Psychiatrie #13 17 Tage


17 Tage.
17 Tage ist es her, seitdem meine kleine Welt zusammen gebrochen ist.
17 Tage, seit denen ich weiß, dass Du die Sonne nicht mehr siehst.
17 Tage, seit denen sich die Welt ohne Dich weiter dreht.
17 Tage, die meine eigenen Pläne des Ablebens doch sehr in Frage gestellt haben, weil ich selbst spüren muss, wie viel Leid das ist.
17 Tage, die mich durch halb Deutschland, über die geschützte Psychiatrie hierher auf die neue, alte Station geführt haben.
17 Tage, in denen der Kopf nicht weniger voll geworden ist, sondern sich alles nur noch weiter eingedreht hat.
17 Tage, in denen konstruktive Gespräche selten waren.
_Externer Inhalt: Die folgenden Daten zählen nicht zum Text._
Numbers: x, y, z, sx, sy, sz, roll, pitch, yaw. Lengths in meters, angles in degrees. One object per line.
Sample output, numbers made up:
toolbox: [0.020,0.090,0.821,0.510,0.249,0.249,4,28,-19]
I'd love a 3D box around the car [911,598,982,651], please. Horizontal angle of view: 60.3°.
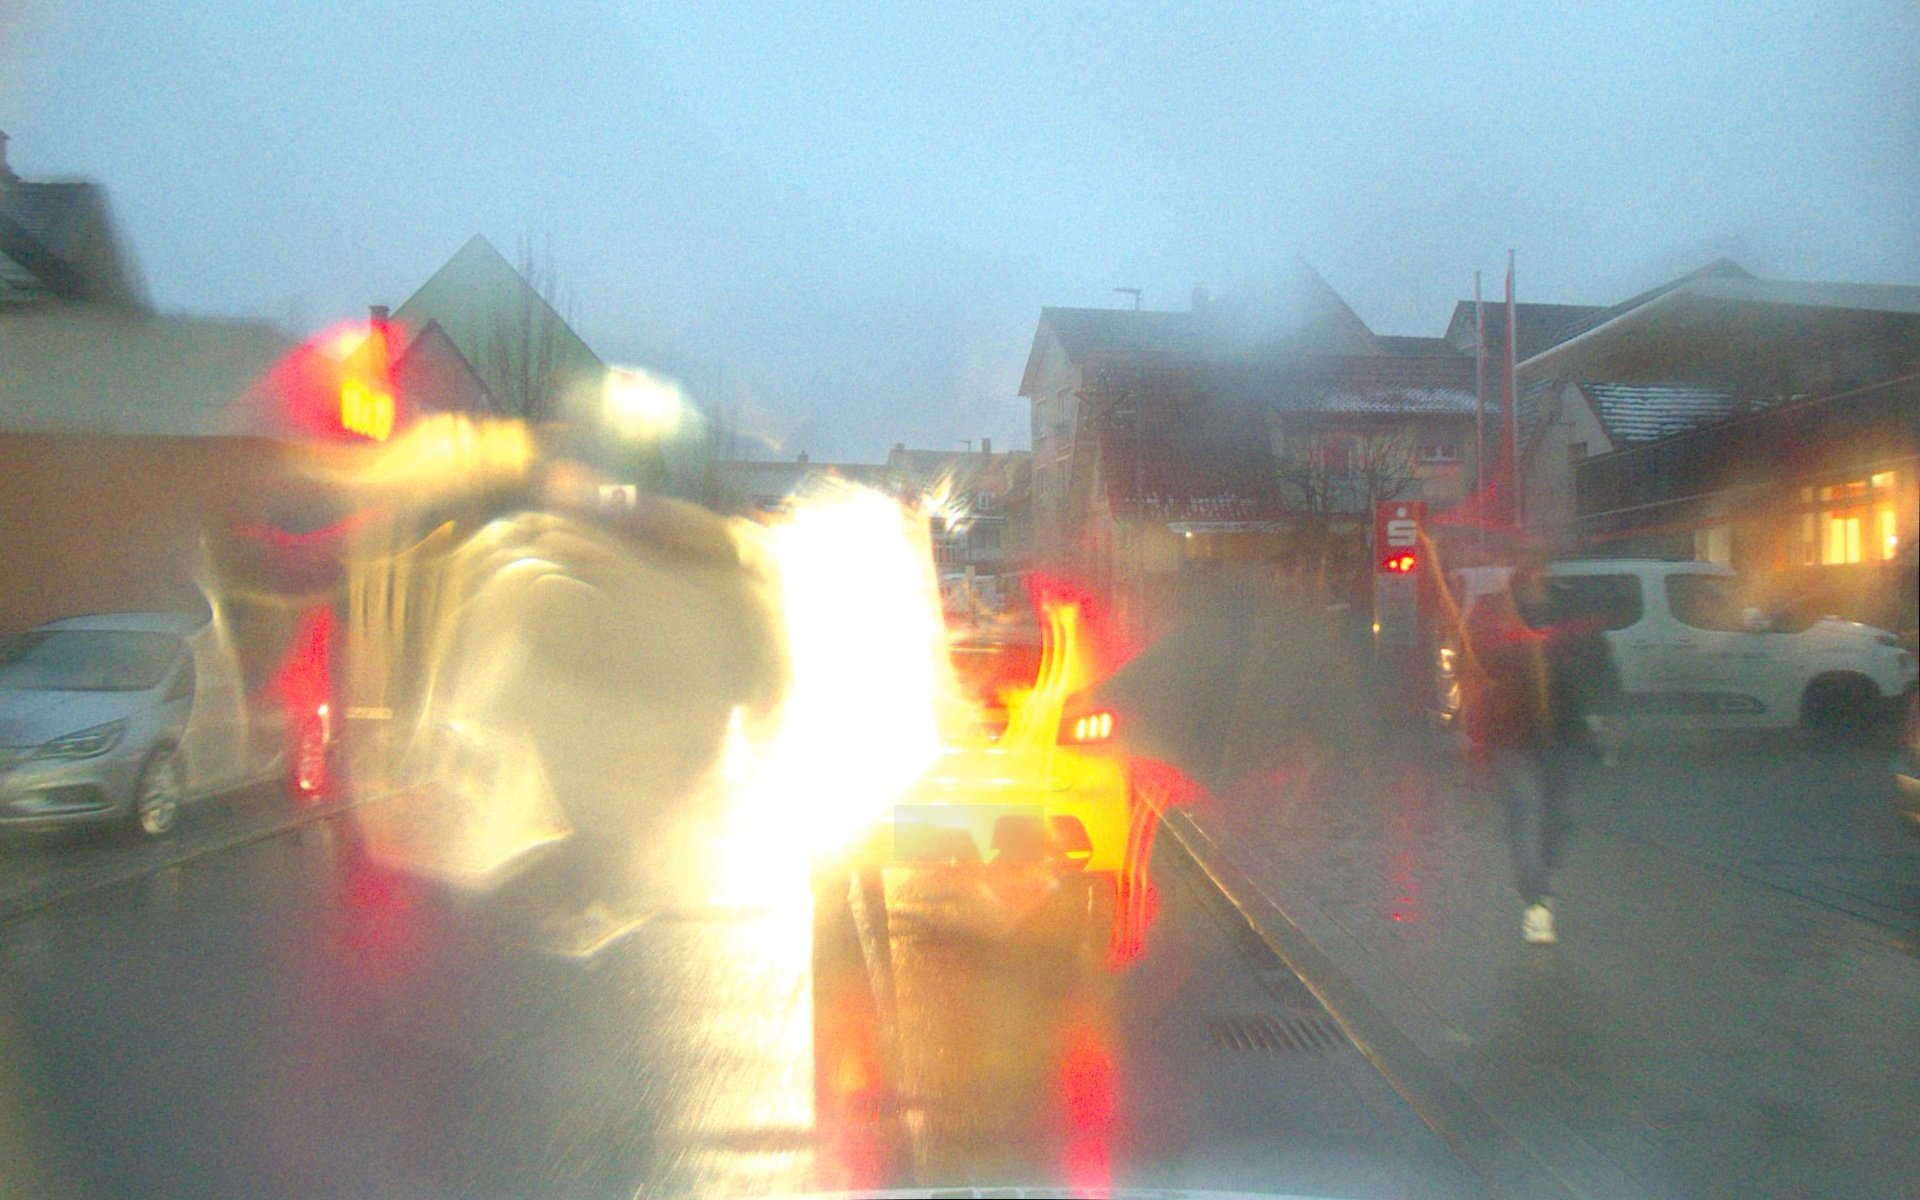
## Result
car: [-0.465,0.777,53.359,1.955,1.616,3.995,1,0,-5]

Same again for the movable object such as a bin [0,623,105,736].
movable object such as a bin: [-11.536,0.986,20.858,1.129,1.378,0.849,0,0,-12]

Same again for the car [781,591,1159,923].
car: [-0.052,0.763,9.836,1.778,1.560,3.997,1,0,-3]

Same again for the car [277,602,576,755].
car: [-6.000,0.811,19.301,1.953,1.549,4.976,0,0,-1]

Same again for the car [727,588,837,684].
car: [-3.605,0.676,34.341,1.954,1.735,4.964,2,1,-3]

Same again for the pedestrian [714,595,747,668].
pedestrian: [-5.148,0.691,37.068,0.562,1.613,0.530,0,1,14]

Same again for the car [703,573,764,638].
car: [-9.821,0.284,71.649,2.439,2.605,6.748,1,-1,-8]

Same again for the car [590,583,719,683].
car: [-5.906,0.591,32.491,2.045,1.823,5.018,0,0,-6]

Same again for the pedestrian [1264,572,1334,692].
pedestrian: [5.064,0.475,24.687,0.825,1.735,0.839,-2,-1,24]

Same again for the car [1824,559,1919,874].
car: [6.554,0.517,7.826,3.904,1.512,1.913,-1,-1,1]

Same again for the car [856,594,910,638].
car: [-3.462,0.704,73.798,1.957,1.890,3.991,1,0,-10]

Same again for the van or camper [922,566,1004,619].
van or camper: [0.142,-0.465,105.498,2.617,3.100,6.684,-4,1,-24]

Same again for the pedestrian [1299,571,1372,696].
pedestrian: [5.373,0.472,23.727,0.690,1.735,0.913,-2,-1,-8]

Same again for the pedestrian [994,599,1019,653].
pedestrian: [1.538,0.867,54.809,0.730,1.759,0.872,0,1,-5]

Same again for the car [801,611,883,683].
car: [-3.259,1.223,45.078,1.915,1.573,4.409,-2,3,-8]

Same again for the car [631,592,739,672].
car: [-6.350,0.725,38.663,1.842,1.740,4.710,1,0,-2]

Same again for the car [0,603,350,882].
car: [-6.175,0.826,11.805,1.953,1.585,4.620,1,0,-1]

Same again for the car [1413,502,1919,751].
car: [6.599,0.257,15.891,4.004,2.085,2.001,-2,0,7]

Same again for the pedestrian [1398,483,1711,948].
pedestrian: [2.650,0.485,7.499,0.947,1.922,1.005,-2,0,-4]

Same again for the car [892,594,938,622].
car: [-2.879,0.528,104.621,1.961,1.639,4.156,-2,-1,-15]

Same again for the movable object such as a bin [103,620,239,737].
movable object such as a bin: [-10.041,0.981,21.106,1.316,1.377,0.887,-3,0,-11]

Weil es so unglaublich tragisch ist. Weil die Menschen nicht halten und mittragen können und wollen.

Heute hatten wir das erste Mal Schema – Gruppe. Die Gruppe scheint schon recht weit zu sein und die Frage von meinem Therapeuten war, ob Jemand ein Thema hat, was er bearbeiten möchte. Ehrlich gesagt ist es mir langsam egal, wer alles zuhört und dass ich die Gruppenmitglieder kaum kenne. Ich kann nicht mehr. Mit diesem Kopf.
Aber… - zu heißes Thema für die Gruppe, befindet Herr Therapeut. Kann ich hundert prozentig nachvollziehen.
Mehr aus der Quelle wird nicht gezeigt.